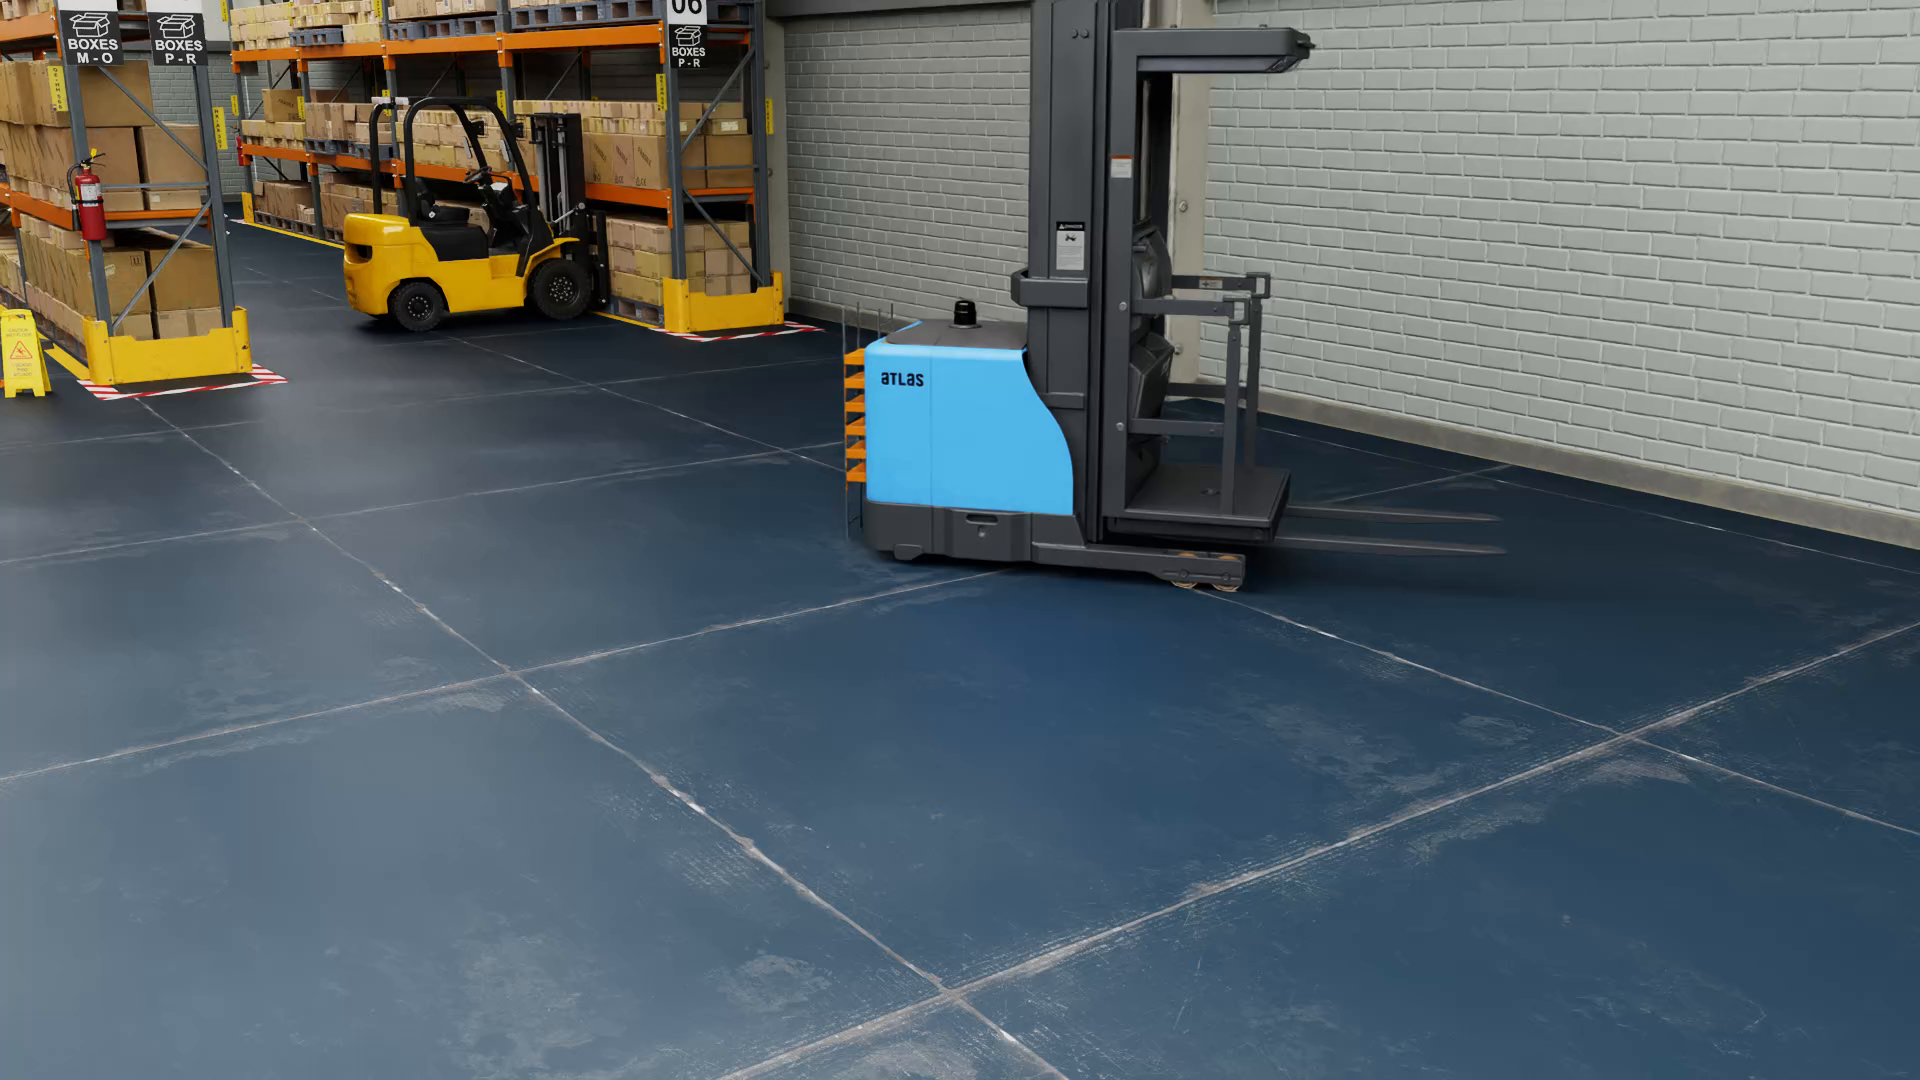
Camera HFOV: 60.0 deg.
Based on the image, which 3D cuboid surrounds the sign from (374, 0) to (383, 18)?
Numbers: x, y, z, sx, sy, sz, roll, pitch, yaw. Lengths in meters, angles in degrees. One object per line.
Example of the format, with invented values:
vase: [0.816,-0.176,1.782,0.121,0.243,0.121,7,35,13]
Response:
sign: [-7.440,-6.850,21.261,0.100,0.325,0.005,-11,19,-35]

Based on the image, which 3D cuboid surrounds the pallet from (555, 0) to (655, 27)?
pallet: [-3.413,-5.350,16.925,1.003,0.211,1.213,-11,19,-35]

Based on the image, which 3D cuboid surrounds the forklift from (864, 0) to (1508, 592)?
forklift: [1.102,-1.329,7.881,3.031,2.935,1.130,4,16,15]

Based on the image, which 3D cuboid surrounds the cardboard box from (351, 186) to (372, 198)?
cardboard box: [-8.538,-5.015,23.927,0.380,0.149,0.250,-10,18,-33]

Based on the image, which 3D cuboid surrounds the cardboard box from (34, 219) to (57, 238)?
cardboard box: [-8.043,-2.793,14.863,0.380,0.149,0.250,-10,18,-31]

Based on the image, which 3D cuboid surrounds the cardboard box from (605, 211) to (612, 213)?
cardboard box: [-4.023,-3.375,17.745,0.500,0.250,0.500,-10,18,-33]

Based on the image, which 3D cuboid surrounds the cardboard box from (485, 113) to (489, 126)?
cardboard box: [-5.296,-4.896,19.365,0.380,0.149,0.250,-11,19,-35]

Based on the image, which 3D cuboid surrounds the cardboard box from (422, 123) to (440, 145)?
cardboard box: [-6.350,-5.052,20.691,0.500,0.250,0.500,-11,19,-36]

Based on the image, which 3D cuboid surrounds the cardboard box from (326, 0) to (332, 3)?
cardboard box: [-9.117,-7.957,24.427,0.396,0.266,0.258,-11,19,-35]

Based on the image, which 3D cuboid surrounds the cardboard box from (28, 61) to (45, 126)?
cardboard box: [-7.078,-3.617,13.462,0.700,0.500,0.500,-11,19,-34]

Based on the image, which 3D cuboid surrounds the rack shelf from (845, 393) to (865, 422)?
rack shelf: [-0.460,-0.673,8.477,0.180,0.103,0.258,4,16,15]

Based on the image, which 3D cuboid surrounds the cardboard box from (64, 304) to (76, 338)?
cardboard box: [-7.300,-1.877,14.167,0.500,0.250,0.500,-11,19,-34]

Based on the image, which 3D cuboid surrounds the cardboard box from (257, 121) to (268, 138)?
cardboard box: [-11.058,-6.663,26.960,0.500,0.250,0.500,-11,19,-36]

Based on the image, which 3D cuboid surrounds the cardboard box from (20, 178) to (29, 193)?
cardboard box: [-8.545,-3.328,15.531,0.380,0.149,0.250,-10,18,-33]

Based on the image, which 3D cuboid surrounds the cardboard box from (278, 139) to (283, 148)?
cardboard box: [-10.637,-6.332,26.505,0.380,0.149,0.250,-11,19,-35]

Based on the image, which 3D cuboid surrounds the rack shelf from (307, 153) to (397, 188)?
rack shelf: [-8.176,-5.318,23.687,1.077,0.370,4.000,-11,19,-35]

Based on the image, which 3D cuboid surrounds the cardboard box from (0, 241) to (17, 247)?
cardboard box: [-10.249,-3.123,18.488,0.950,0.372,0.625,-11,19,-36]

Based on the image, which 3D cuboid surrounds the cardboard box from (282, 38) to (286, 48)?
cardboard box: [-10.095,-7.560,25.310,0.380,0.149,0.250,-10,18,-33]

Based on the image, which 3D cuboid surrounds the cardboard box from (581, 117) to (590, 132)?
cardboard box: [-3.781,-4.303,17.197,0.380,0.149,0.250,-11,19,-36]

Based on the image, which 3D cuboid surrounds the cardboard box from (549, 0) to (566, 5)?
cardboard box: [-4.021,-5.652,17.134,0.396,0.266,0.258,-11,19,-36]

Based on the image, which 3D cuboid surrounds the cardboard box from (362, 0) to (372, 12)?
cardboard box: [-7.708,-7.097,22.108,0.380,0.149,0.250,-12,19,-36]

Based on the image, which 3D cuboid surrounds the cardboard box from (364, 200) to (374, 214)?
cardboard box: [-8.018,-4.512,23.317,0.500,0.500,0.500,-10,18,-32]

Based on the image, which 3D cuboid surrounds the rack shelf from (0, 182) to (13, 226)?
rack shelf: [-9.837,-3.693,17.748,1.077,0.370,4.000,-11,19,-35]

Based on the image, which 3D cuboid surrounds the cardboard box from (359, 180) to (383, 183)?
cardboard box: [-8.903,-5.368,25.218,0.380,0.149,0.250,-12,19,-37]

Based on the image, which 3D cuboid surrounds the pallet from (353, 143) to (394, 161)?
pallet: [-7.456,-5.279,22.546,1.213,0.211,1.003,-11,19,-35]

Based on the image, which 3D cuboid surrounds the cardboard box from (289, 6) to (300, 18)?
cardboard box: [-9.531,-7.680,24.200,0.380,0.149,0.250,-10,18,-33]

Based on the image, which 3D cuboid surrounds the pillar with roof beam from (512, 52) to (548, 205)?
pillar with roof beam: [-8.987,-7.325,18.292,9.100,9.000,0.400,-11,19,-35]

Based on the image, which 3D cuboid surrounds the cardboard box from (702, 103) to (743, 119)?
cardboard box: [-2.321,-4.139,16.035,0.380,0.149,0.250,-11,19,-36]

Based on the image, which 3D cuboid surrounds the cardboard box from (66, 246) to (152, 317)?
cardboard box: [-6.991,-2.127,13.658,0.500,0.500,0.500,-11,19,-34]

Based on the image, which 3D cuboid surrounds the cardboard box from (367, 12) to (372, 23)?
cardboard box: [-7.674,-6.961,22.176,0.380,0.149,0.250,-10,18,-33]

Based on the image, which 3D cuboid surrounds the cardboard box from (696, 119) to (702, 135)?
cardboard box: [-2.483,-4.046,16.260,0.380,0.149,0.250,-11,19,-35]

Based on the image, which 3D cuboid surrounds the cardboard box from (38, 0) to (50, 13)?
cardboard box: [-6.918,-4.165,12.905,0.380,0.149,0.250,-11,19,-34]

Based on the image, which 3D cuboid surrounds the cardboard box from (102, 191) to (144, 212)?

--

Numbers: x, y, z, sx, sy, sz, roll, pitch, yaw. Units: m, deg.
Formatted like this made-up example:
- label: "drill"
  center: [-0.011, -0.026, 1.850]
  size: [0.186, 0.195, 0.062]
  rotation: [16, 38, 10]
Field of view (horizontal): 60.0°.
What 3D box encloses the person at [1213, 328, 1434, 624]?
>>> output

WORK ORDER:
Return every line above where "Numbers" appears.

ANSWER SECTION:
Numbers: x, y, z, sx, sy, sz, roll, pitch, yaw. Lengths in meters, angles in degrees. One object per line.
Numbers: x, y, z, sx, sy, sz, roll, pitch, yaw. Units: m, deg.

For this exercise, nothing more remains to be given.